Taller de Arquitectura: The Studio

[All images care of Ricardo Bofill, via Arch Daily and Twisted Sifter]

These photos have been open in my browser for over a week now, lurking alongside my active tabs, on standby for a short notice pick-me-up. I’ll take a peek here and there — drooling over the vast vaulted ceilings and clean color palette, the lush jungle of overgrown ivy and floods of natural light — and imagine creating a living space a tenth as bold and luxurious as this.

The amazing story: the complex was originally a cement factory built in the early 1900’s, subsequently abandoned and left to ruin, and then discovered by Spanish architect Ricardo Bofill in 1973. Located on the outskirts of Barcelona in Sant Just Desvern, the factory included over thirty silos and massive machinery rooms both above and below ground. Amid the crumbling walls and mangled iron struts and silent industrial mixers, Bofill saw the skeleton of a stunning architecture office and went to work.

In two years of demolition and reconstruction, the structure was pared down to eight silos containing offices, a library, a modeling room, a gallery space called “The Cathedral” — used for concerts, exhibitions, lectures, and other events — and Bofill’s own house and guest rooms: the Taller de Arquitectura was born.

I’m a total sucker for industrial materials and strict geometric lines, not to mention unexpectedly repurposed spaces, and this smooshes all of those into one stunning whole. I love the staircases marching towards the sky, the sweeping floor-to-ceiling curtains, the rough walls and nicked corners . . . It’s absolutely incredible to me that any one person can conceptualize structures like this studio in their entirety — from the scale of a stadium down to the arc of light from a window, the vision required is monumental. And in this case, it must have been more difficult in some ways to excavate the beauty within an existing structure than to pluck a castle fresh out of thin air. Forget Gaudí’s whimsies and Catalan Modernista, this gem is sitting pretty at the top of my next Barcelona trip list.

“I am a nomad, I am still a nomad, a traveller without port, required to establish reference points according to my journey. I was born in Barcelona, my father was catalan and my mother from Venice, I am at the crossroads of two cultures that clashed and melted throughout history.

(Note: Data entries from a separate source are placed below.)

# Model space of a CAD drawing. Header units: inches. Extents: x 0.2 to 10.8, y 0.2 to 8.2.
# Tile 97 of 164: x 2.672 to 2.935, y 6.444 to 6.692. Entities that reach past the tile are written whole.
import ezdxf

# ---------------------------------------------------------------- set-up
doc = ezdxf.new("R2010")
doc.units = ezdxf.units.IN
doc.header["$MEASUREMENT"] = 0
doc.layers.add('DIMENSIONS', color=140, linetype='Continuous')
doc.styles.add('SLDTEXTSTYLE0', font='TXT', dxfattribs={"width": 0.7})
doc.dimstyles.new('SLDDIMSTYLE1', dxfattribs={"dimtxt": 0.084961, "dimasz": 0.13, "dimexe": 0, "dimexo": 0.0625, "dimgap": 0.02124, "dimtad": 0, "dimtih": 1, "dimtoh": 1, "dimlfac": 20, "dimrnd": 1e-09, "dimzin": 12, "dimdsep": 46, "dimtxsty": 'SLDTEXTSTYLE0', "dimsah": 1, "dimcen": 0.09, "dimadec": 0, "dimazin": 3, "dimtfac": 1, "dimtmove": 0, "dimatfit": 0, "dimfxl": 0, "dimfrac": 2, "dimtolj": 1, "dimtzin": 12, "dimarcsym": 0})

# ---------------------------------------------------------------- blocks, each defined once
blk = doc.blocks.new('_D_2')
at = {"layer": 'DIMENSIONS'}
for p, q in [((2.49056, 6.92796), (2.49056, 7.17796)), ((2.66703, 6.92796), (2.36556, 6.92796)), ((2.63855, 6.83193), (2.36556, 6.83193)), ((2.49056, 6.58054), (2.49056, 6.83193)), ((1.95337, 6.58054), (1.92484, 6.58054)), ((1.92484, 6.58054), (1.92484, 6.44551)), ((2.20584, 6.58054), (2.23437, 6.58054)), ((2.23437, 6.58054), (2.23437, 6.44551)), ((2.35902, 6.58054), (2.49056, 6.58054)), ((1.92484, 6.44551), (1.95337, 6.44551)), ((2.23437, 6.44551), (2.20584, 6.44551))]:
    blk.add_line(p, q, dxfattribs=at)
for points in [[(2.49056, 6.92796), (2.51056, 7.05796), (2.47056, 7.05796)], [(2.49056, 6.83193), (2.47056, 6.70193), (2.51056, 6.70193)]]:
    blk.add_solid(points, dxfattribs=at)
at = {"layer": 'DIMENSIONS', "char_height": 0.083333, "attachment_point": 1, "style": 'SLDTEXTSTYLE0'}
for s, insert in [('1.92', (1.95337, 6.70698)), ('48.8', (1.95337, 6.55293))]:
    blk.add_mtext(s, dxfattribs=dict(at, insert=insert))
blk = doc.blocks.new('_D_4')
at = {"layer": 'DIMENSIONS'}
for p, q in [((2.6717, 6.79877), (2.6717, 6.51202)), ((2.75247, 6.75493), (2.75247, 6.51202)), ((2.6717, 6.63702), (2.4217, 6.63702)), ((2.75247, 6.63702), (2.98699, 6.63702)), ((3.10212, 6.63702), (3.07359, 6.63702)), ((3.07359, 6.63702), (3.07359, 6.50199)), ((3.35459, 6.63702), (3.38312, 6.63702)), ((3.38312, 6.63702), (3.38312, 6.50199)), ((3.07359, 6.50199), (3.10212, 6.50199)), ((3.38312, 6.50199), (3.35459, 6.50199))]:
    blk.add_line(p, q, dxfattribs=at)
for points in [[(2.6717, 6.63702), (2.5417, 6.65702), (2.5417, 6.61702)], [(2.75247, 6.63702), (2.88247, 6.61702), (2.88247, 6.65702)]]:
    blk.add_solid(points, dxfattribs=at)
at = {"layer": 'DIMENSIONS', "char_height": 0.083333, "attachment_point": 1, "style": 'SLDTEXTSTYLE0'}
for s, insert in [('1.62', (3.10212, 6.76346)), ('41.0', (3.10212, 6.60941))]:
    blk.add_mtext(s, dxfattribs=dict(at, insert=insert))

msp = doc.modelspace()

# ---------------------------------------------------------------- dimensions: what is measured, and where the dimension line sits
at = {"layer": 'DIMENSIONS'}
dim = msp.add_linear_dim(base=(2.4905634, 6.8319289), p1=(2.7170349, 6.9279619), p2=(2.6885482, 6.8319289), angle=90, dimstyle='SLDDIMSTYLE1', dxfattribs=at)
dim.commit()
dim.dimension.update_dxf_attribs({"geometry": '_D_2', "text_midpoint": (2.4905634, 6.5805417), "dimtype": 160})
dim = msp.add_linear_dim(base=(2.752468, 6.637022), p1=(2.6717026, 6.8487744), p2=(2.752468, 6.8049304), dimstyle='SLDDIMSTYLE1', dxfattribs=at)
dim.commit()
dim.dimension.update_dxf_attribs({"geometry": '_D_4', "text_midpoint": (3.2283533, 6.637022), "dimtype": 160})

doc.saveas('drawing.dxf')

In my early years I crossed the straights of Gibraltar, going south, and discovered in the valley of Draa villages built with cubes, piled up and constructed according to the families’ rhythm of growth, and despite that, strangely well-ordered, organic, profoundly architectural. All around, the desert; the fantastic shapes of dunes, constantly transformed by strong winds that appeared before me as essential elements, beyond anything that we can draw. The rose sands of the Teneré desert, outlined against the indigo sky, the endless spaces of rocks and stones, were my initiation to absolute beauty.

In the desert I met the nomads, the blue men of the Sahara, people that belong to an ancient civilization. I discovered that they understood the abstract concept of space better than anybody and we became best friends.

To be an architect means to understand space, to understand space organized by man, to decipher the spontaneous movements and behaviour of people, and to detect the needs of change that they might unconsciously express.

The factory is a magic place which strange atmosphere is difficult to be perceived by a profane eye. I like the life to be perfectly programmed here, ritualised, in total contrast with my turbulent nomad life.”